Other tests include:
- Düsseldorf Orthorexia Scale-DOS
- Teruel Orthorexia Scale-TOS,
- Barcelona Orthorexia Scale-BOS, and
- Orthorexia Nervosa Inventory-ONI
Niedzielski and Kaźmierczak-Wojtaś (2021) noted that there was no reliable data on the prevalence of orthorexia nervosa and that estimates depended on criteria proposed by the different screening tools.
They concluded that the reliability of some screening tools–such as the ORTO-15 questionnaire–was questionable due to the high percentage of falsely positive results.
As previously mentioned, there are currently no formal diagnostic criteria for orthorexia. There are also no official guidelines for the treatment of orthorexia.
However, the National Eating Disorders Association noted that current treatments usually involve psychotherapy to help the patient increase the variety of foods they eat.
Because many orthorexia patients consider their eating behavior healthy and appropriate, therapists face the challenge of convincing patients that they have a problem and need help.
However, treatment becomes easier once the patient recognizes that their eating habits are negatively impacting their lives and that there is a need for change.

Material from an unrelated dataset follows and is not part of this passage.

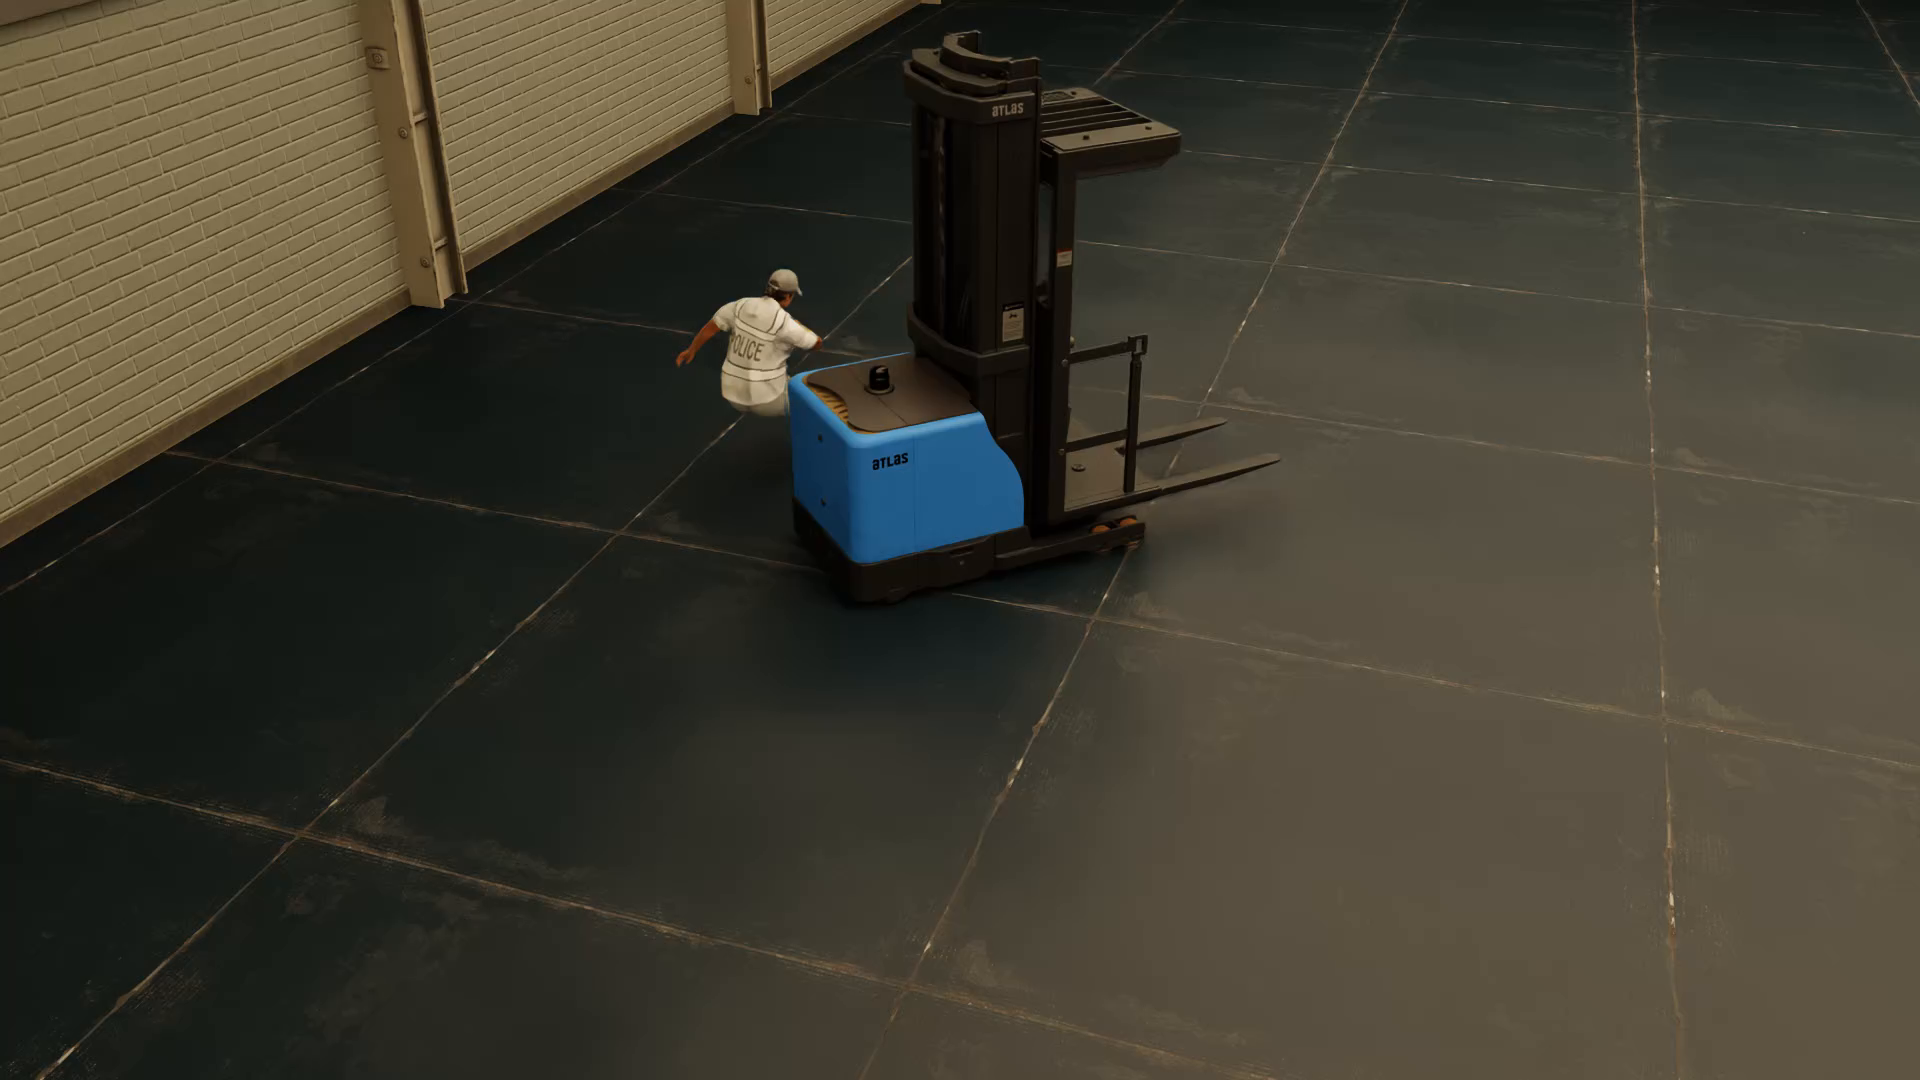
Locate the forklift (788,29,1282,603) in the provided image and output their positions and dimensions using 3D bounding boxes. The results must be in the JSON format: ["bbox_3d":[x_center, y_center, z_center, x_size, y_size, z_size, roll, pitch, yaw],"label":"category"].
[{"bbox_3d":[0.544,-1.411,9.612,3.031,2.935,1.130,-14,33,-23],"label":"forklift"}]

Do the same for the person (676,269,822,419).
[{"bbox_3d":[-1.183,-1.113,10.742,0.960,1.420,0.925,21,36,32],"label":"person"}]

Treatment involves physicians, psychologists, and nutritionists (dietitians).
Therapists may adopt several approaches, including:
- Cognitive reframing helps patients identify maladaptive patterns of thought and behavior
- Behavior modification
- Psychological therapy may involve exposing the patient to the foods they avoid eating to desensitize them and reduce fear or anxiety experienced in the presence of such foods.
In cases of weight loss or malnutrition, a dietitian helps the patient improve nutrition and regain body weight. The dietitian helps the patient correct mistaken and harmful notions about healthy eating.